> **Task goal**
As the output, give exactly the lines that run from the one with "Find the block" through the end of the records below, and omit pictures.

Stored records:
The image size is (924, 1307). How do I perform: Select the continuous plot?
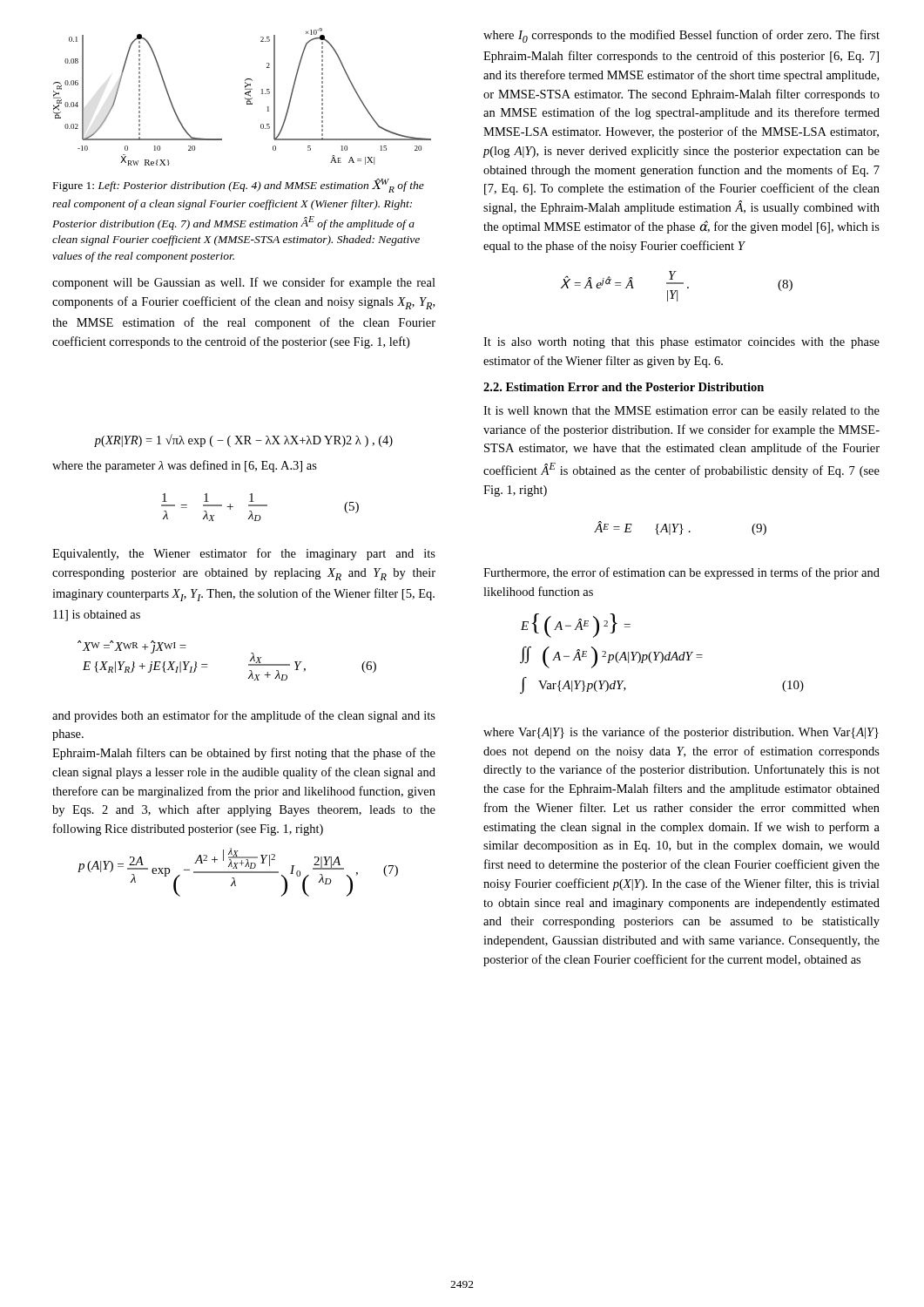[x=244, y=98]
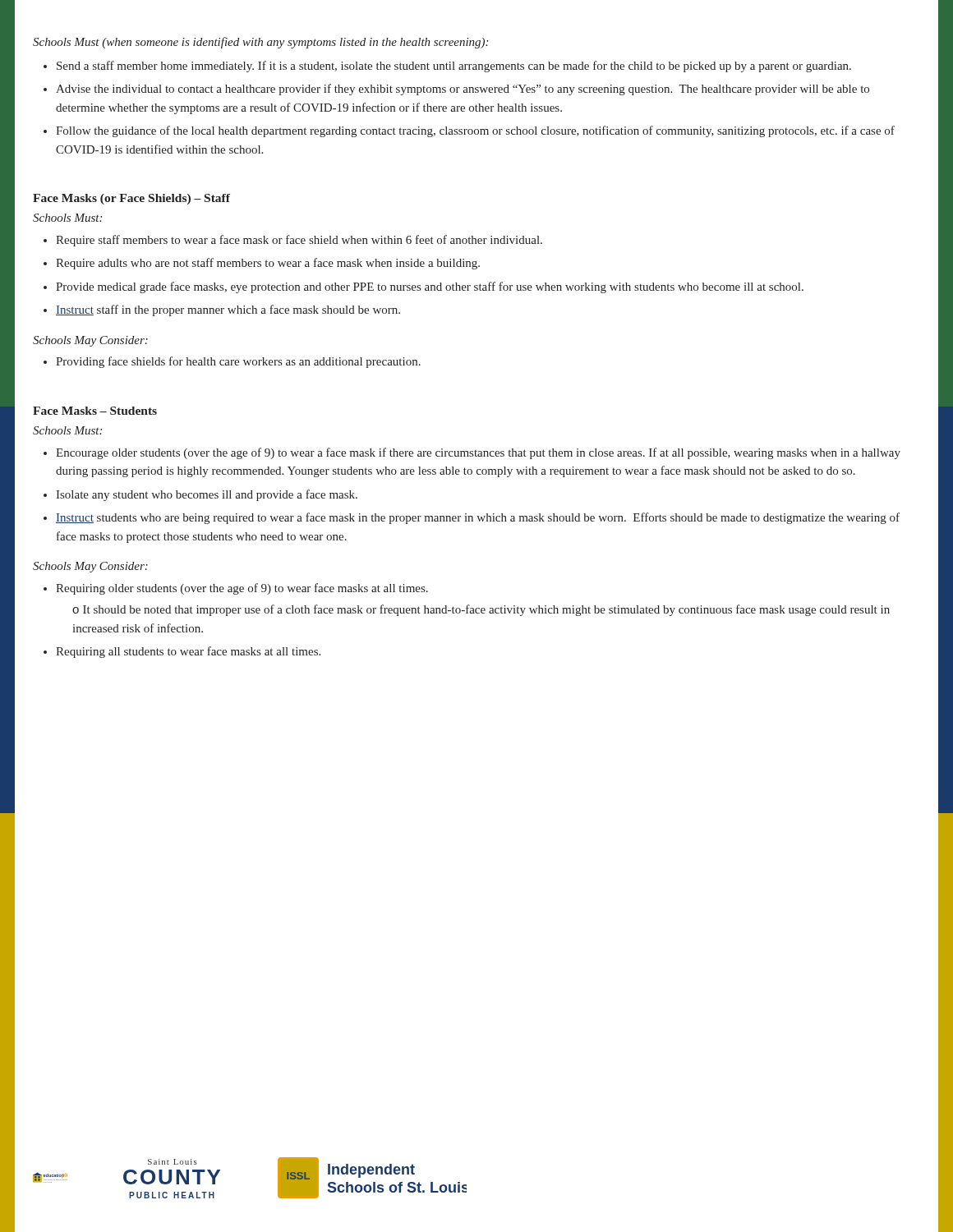This screenshot has height=1232, width=953.
Task: Locate the block of text that opens with "Requiring all students to wear face masks"
Action: pos(188,652)
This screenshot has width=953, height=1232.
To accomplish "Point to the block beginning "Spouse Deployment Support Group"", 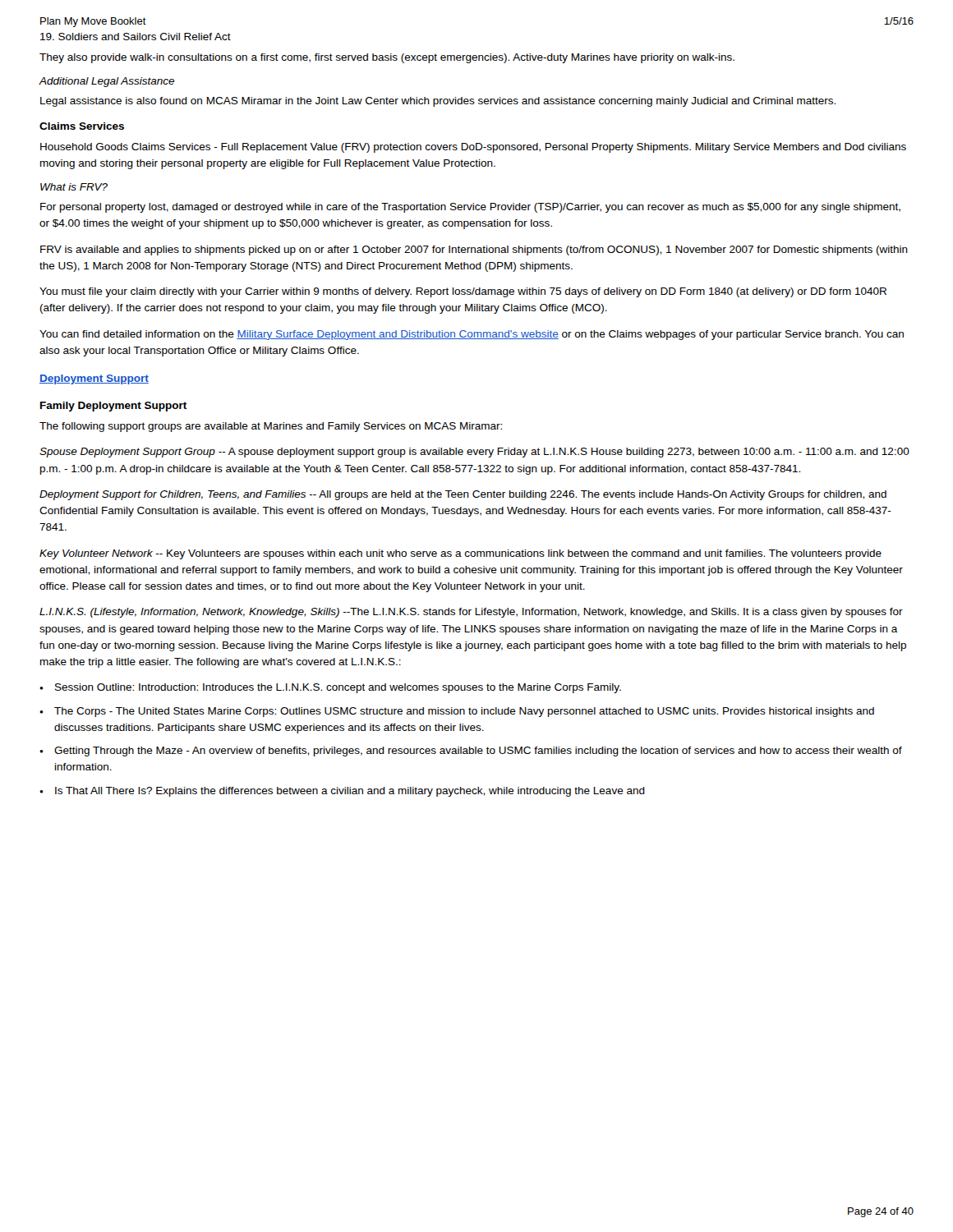I will click(x=474, y=460).

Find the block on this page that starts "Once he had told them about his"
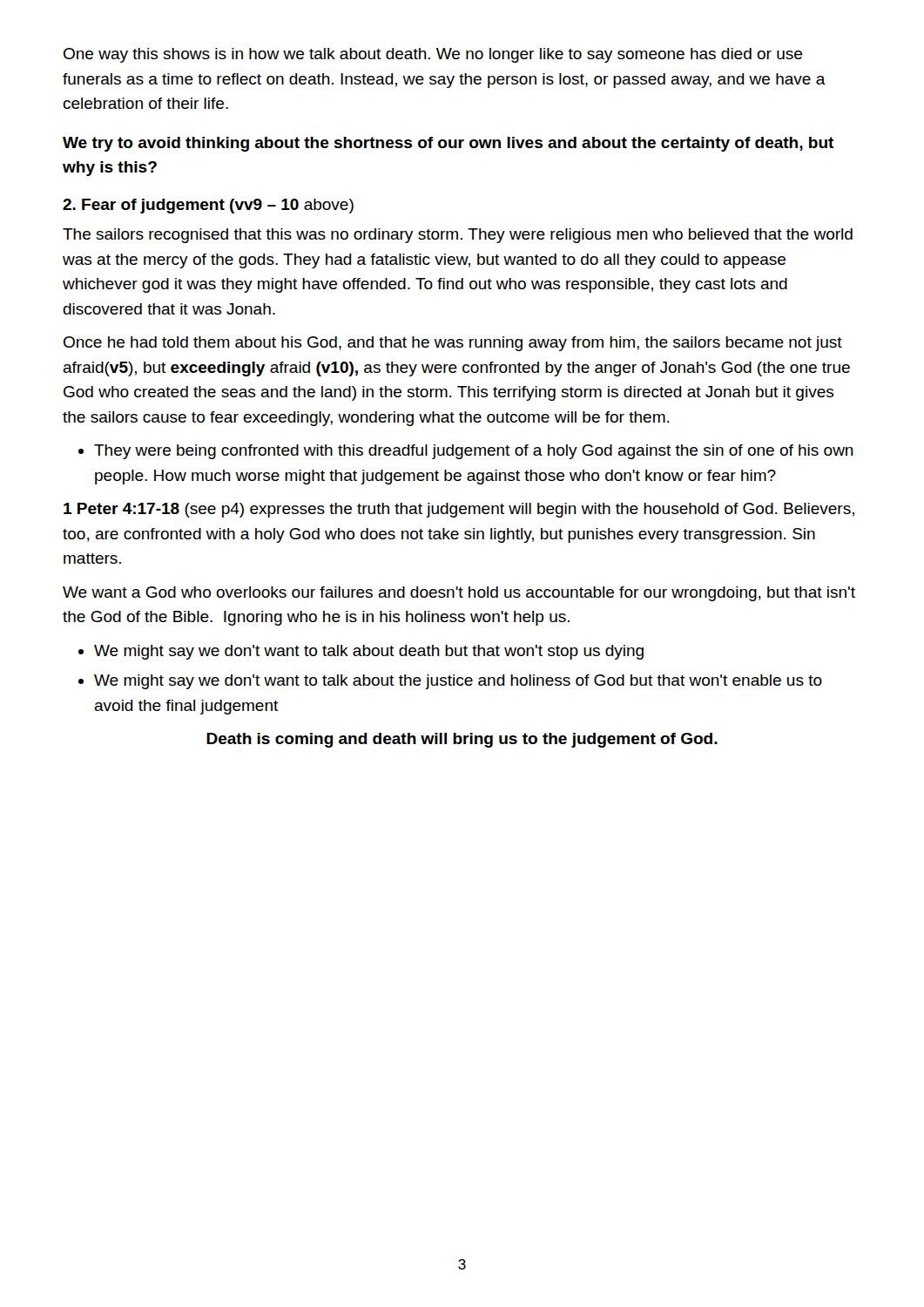click(457, 379)
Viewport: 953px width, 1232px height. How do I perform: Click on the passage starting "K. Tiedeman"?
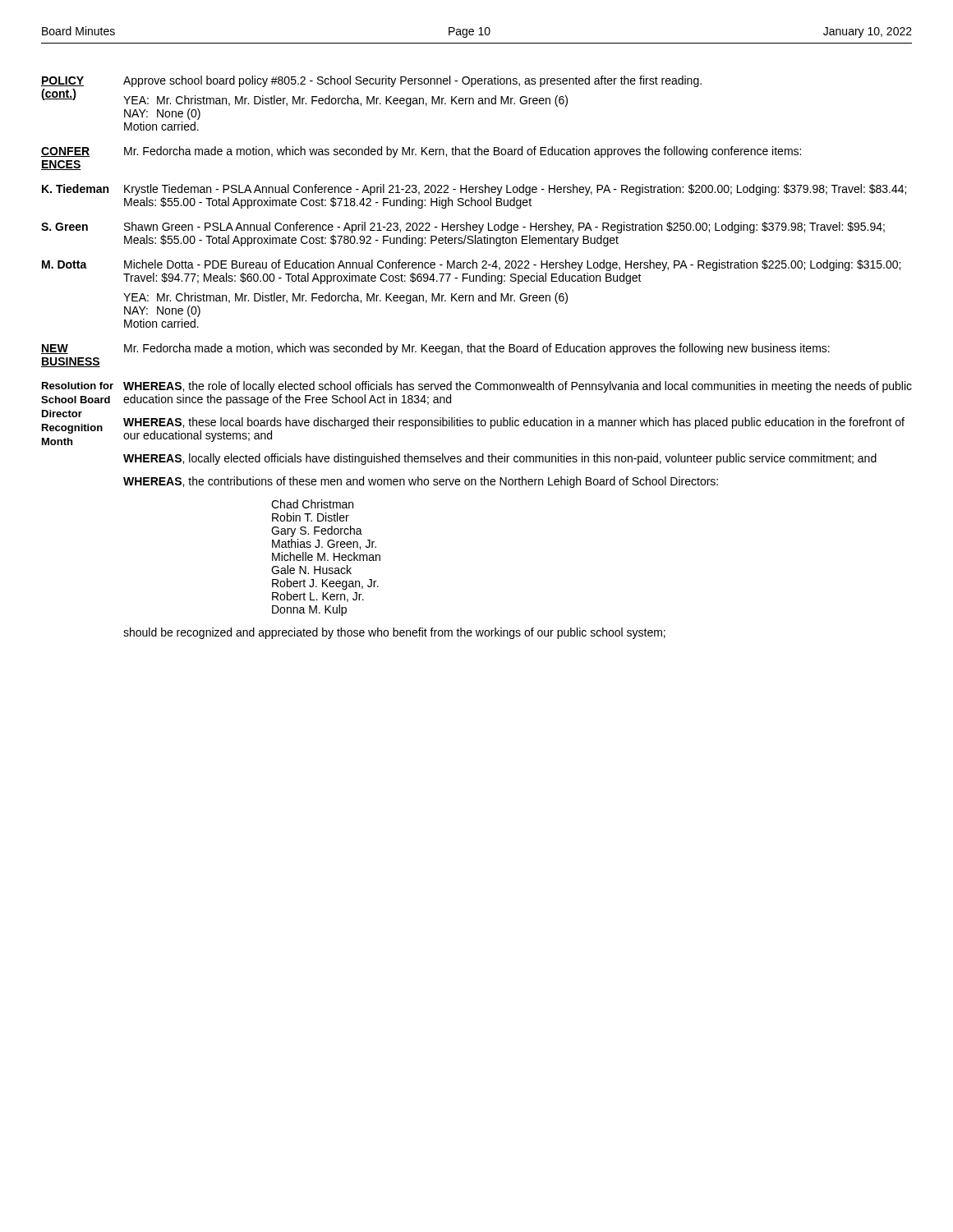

> **Result for this exercise**
Find the block on this page that starts "Once he had told them about his"
click(457, 379)
Viewport: 953px width, 1232px height. How do I perform: Click on the passage starting "K. Tiedeman"?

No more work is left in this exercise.